[[ Information provided open ]]
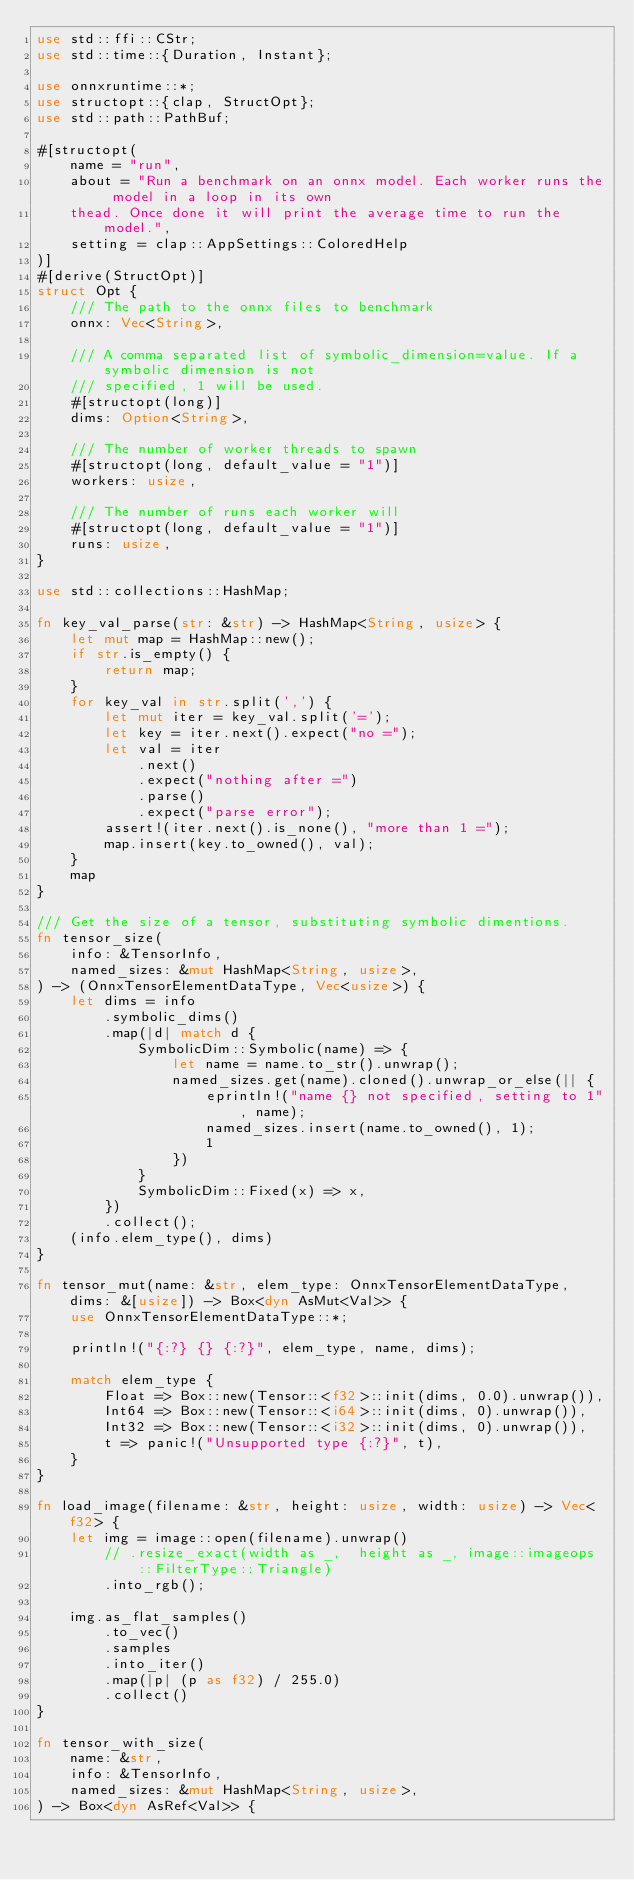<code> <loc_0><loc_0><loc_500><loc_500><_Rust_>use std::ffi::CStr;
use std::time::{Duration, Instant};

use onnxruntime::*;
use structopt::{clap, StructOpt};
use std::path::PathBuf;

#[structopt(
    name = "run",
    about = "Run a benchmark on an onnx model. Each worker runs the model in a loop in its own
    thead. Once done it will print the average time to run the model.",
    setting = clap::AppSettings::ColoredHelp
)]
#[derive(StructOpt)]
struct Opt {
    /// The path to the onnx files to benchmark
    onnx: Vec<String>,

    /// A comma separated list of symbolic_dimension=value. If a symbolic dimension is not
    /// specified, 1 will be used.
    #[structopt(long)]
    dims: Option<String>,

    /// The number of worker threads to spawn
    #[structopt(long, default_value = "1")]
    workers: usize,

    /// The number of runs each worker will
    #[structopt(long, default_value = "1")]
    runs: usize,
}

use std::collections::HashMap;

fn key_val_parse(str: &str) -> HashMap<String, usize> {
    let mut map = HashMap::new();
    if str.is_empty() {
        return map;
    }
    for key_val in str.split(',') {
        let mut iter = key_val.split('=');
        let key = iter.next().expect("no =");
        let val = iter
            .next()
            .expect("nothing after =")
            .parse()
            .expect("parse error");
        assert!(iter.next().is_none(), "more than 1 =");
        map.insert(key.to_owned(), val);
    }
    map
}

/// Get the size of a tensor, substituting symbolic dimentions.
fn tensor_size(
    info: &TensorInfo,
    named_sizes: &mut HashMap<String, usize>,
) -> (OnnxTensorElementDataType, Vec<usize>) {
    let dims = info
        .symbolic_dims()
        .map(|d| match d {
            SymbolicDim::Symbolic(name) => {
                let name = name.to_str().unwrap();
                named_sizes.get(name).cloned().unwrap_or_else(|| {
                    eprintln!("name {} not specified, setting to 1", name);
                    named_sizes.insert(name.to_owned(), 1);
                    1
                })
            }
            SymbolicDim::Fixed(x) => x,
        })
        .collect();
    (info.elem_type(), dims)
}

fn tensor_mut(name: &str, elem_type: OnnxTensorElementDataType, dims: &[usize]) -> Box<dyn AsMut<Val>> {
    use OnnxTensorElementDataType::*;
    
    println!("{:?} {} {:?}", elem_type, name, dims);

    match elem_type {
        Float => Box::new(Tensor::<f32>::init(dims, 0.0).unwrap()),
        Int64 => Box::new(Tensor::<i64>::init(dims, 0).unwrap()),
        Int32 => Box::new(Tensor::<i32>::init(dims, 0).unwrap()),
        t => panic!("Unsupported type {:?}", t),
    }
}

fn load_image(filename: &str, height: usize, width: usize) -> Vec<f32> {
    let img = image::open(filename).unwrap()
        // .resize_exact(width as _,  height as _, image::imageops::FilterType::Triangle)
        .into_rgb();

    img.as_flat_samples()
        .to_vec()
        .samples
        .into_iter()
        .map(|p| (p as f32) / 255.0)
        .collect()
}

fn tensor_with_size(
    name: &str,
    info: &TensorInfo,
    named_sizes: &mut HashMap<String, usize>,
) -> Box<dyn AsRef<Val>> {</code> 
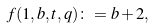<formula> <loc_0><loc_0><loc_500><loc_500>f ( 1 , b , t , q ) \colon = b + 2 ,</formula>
[[ Information provided closed ]]
**What is required**
Scan the records above and report every line with the string "split".

**Result**
    for key_val in str.split(',') {
        let mut iter = key_val.split('=');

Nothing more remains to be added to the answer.